Work order. Check each line of the listing for the word "whole" and report the ones that have it.

Given entries.
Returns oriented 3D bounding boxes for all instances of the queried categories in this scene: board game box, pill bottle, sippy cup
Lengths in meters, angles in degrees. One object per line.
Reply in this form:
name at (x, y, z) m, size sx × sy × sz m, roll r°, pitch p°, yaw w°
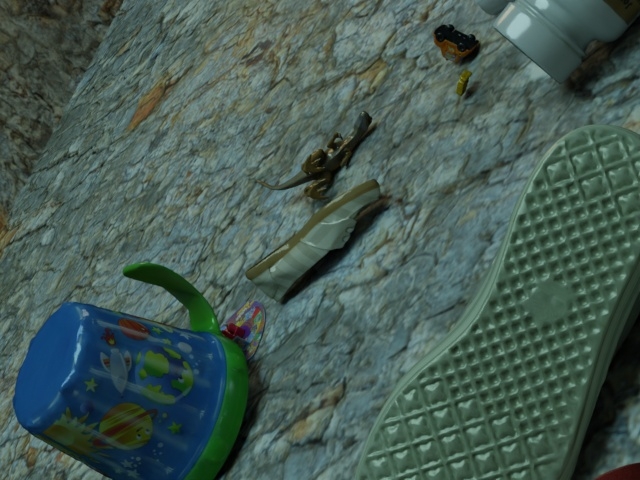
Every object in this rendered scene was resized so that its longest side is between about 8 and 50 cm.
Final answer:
board game box at (-0.141, 0.143, 1.810) m, size 0.169 × 0.033 × 0.133 m, roll -45°, pitch 26°, yaw 19°
pill bottle at (0.298, -0.288, 1.460) m, size 0.229 × 0.131 × 0.131 m, roll -49°, pitch 24°, yaw 11°
sippy cup at (-0.244, 0.188, 1.663) m, size 0.240 × 0.224 × 0.305 m, roll -50°, pitch 32°, yaw 22°

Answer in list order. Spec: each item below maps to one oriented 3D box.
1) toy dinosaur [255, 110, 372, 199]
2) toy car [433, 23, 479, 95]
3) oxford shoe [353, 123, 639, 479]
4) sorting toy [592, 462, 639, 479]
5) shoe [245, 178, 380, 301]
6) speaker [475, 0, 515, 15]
toy dinosaur at (-0.007, -0.097, 1.872) m, size 0.211 × 0.064 × 0.112 m, roll -32°, pitch 12°, yaw 22°
toy car at (0.164, -0.227, 1.721) m, size 0.122 × 0.060 × 0.040 m, roll -72°, pitch -3°, yaw -49°
oxford shoe at (0.173, 0.112, 1.180) m, size 0.449 × 0.169 × 0.130 m, roll -62°, pitch -17°, yaw 0°
sorting toy at (0.310, 0.158, 0.925) m, size 0.365 × 0.127 × 0.126 m, roll -44°, pitch 55°, yaw 15°
shoe at (0.000, 0.000, 1.727) m, size 0.219 × 0.058 × 0.076 m, roll -38°, pitch -3°, yaw 23°
speaker at (0.255, -0.338, 1.701) m, size 0.136 × 0.055 × 0.055 m, roll -32°, pitch 32°, yaw 41°
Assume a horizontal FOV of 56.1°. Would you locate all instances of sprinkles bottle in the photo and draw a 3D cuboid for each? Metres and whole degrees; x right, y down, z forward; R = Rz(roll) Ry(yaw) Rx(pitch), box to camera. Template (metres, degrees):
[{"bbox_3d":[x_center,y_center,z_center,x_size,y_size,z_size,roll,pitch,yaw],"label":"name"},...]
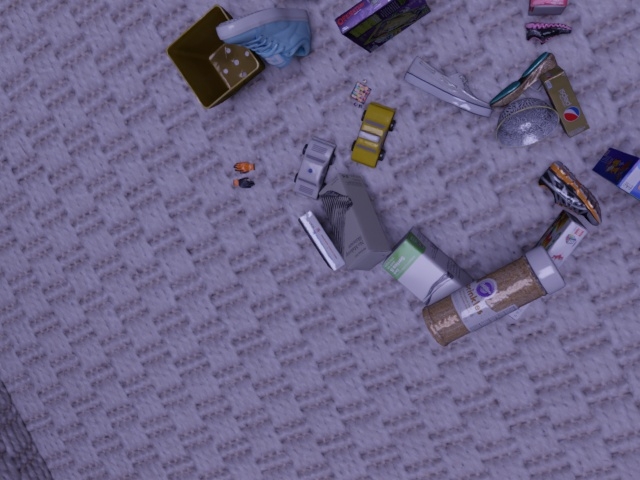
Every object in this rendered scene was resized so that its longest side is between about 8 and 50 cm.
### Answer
[{"bbox_3d":[0.444,0.148,1.562,0.355,0.121,0.121,-31,92,18],"label":"sprinkles bottle"}]

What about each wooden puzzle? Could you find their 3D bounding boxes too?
[{"bbox_3d":[0.119,-0.439,1.789,0.049,0.006,0.083,31,108,7],"label":"wooden puzzle"}]

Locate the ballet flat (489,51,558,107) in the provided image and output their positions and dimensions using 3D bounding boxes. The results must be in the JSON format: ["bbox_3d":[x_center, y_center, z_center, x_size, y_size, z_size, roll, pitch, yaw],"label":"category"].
[{"bbox_3d":[0.562,-0.422,1.644,0.067,0.073,0.206,44,113,-12],"label":"ballet flat"}]

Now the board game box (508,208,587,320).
[{"bbox_3d":[0.611,0.064,1.669,0.053,0.193,0.305,34,108,5],"label":"board game box"}]

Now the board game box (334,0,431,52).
[{"bbox_3d":[0.172,-0.586,1.564,0.208,0.347,0.056,-26,92,18],"label":"board game box"}]

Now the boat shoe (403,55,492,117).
[{"bbox_3d":[0.367,-0.432,1.682,0.268,0.096,0.088,32,110,17],"label":"boat shoe"}]

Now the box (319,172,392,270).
[{"bbox_3d":[0.098,-0.055,1.756,0.113,0.094,0.275,-45,54,38],"label":"box"}]

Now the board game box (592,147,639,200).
[{"bbox_3d":[0.824,-0.124,1.489,0.233,0.347,0.078,35,109,6],"label":"board game box"}]

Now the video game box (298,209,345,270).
[{"bbox_3d":[0.000,0.000,1.813,0.048,0.205,0.187,-31,92,-3],"label":"video game box"}]

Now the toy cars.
[{"bbox_3d":[0.063,-0.261,1.801,0.394,0.087,0.176,-28,93,19],"label":"toy cars"}]

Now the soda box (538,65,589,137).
[{"bbox_3d":[0.651,-0.368,1.604,0.058,0.061,0.181,-27,114,18],"label":"soda box"}]

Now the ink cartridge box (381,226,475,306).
[{"bbox_3d":[0.328,0.103,1.750,0.273,0.198,0.114,42,109,3],"label":"ink cartridge box"}]

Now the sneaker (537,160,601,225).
[{"bbox_3d":[0.697,-0.120,1.672,0.215,0.084,0.083,50,122,4],"label":"sneaker"}]

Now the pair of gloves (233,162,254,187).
[{"bbox_3d":[-0.247,-0.210,1.936,0.074,0.010,0.083,5,104,14],"label":"pair of gloves"}]

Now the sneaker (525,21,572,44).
[{"bbox_3d":[0.611,-0.556,1.616,0.119,0.047,0.057,9,111,20],"label":"sneaker"}]

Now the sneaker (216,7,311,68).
[{"bbox_3d":[-0.131,-0.549,1.652,0.135,0.366,0.150,-4,107,39],"label":"sneaker"}]

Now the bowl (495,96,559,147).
[{"bbox_3d":[0.553,-0.337,1.638,0.170,0.170,0.080,-16,61,18],"label":"bowl"}]

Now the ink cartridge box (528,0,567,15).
[{"bbox_3d":[0.588,-0.697,1.527,0.092,0.158,0.217,5,103,15],"label":"ink cartridge box"}]

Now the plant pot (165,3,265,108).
[{"bbox_3d":[-0.286,-0.535,1.782,0.212,0.187,0.212,-33,93,19],"label":"plant pot"}]
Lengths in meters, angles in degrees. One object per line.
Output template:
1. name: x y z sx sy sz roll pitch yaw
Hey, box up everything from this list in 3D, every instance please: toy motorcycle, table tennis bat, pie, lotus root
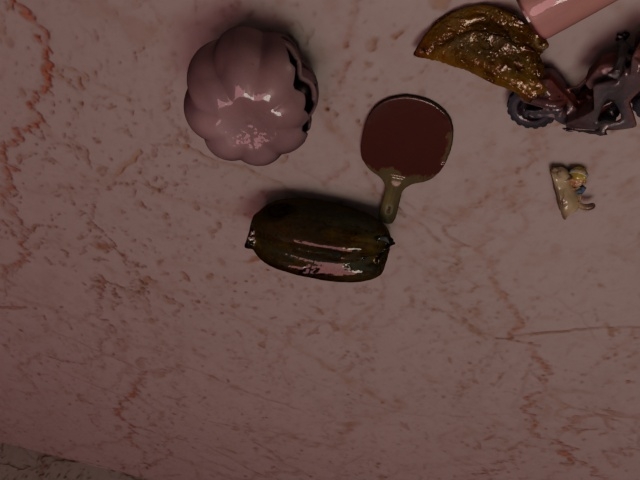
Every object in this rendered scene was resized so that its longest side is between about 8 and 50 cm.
1. toy motorcycle: 0.330 -0.191 0.762 0.212 0.084 0.118 3 139 31
2. table tennis bat: 0.121 -0.115 0.944 0.131 0.022 0.235 11 136 3
3. pie: 0.205 -0.233 0.762 0.169 0.034 0.092 30 115 14
4. lotus root: 0.000 0.000 1.025 0.240 0.123 0.124 12 111 8

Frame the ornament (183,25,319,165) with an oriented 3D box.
1. ornament: -0.090 -0.193 0.831 0.177 0.178 0.178 8 137 8

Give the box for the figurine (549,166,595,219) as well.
1. figurine: 0.362 -0.075 0.905 0.050 0.047 0.083 -19 122 12

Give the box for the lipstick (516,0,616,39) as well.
1. lipstick: 0.353 -0.318 0.612 0.326 0.087 0.087 -25 124 35
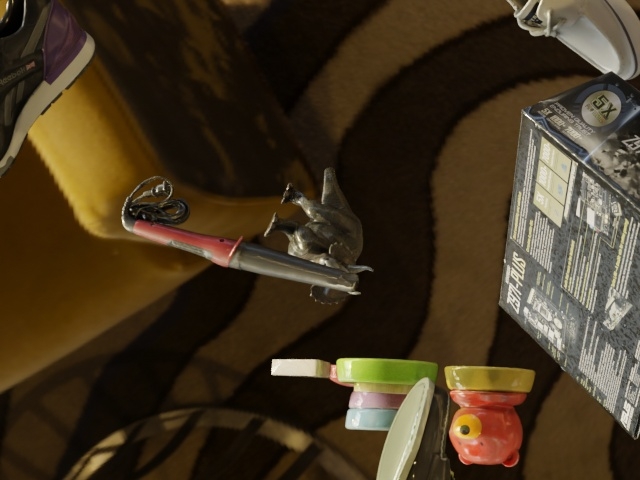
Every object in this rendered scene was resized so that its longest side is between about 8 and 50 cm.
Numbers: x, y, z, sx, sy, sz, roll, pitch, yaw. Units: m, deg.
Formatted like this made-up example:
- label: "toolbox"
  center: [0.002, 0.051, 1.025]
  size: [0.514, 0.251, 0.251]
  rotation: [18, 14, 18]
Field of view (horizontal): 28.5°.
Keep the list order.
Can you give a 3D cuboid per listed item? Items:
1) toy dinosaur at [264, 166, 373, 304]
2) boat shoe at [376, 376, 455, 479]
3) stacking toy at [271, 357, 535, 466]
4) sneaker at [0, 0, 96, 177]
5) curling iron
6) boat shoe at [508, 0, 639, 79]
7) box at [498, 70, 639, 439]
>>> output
- label: "toy dinosaur"
  center: [0.000, 0.000, 1.878]
  size: [0.160, 0.313, 0.121]
  rotation: [26, 116, -2]
- label: "boat shoe"
  center: [0.091, 0.247, 1.216]
  size: [0.069, 0.081, 0.227]
  rotation: [21, 71, -10]
- label: "stacking toy"
  center: [0.104, 0.232, 1.705]
  size: [0.309, 0.279, 0.130]
  rotation: [-8, 77, 51]
- label: "sneaker"
  center: [-0.390, -0.173, 1.456]
  size: [0.107, 0.124, 0.283]
  rotation: [13, 62, 40]
- label: "curling iron"
  center: [-0.086, -0.001, 1.276]
  size: [0.274, 0.035, 0.068]
  rotation: [20, 74, 23]
- label: "boat shoe"
  center: [0.256, -0.272, 1.413]
  size: [0.088, 0.096, 0.267]
  rotation: [-44, 97, -26]
- label: "box"
  center: [0.195, 0.011, 0.809]
  size: [0.147, 0.077, 0.180]
  rotation: [47, 152, 38]
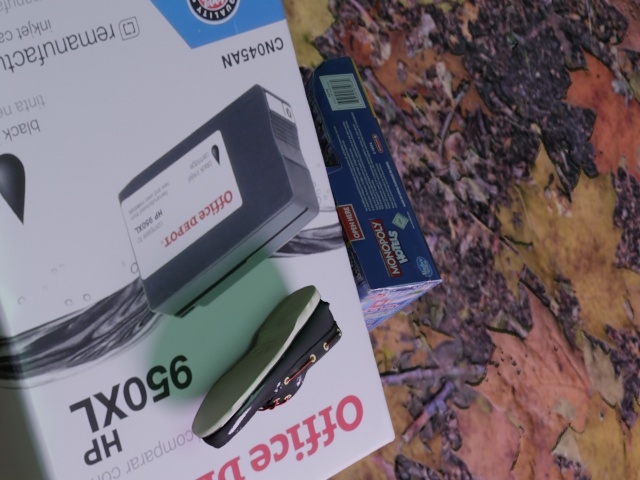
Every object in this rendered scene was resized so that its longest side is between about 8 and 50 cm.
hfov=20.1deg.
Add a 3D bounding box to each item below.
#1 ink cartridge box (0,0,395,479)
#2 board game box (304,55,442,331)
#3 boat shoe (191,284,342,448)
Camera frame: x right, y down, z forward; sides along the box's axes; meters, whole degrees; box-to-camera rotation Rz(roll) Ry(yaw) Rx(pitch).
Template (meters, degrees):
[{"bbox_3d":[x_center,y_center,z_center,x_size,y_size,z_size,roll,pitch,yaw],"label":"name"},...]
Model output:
[{"bbox_3d":[-0.140,0.000,1.162,0.285,0.166,0.395,-25,104,-42],"label":"ink cartridge box"},{"bbox_3d":[0.000,0.000,1.334,0.060,0.194,0.194,-7,61,-25],"label":"board game box"},{"bbox_3d":[-0.030,0.083,1.111,0.042,0.049,0.133,56,48,-18],"label":"boat shoe"}]
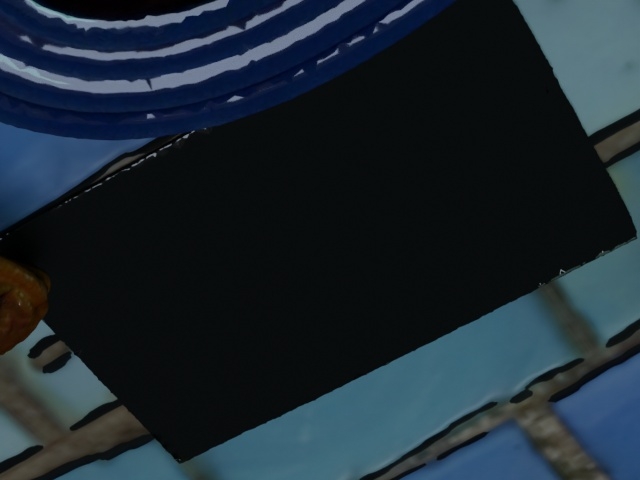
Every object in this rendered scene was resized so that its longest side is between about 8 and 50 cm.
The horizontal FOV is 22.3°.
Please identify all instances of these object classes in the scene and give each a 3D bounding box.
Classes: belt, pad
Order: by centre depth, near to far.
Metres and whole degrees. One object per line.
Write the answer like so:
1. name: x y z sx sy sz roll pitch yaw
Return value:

Output of the exercise.
Assume a horizontal FOV of 56.1°. Would you locate all instances of sprinkles bottle in the photo and draw a 3D cuboid for each? Metres and whole degrees; x right, y down, z forward; R = Rz(roll) Ry(yaw) Rx(pitch), box to camera. Template (metres, degrees):
Camera frame: x right, y down, z forward; sides along the box's axes; meters, whole degrees; box-to-camera rotation Rz(roll) Ry(yaw) Rx(pitch).
Metres and whole degrees. One object per line.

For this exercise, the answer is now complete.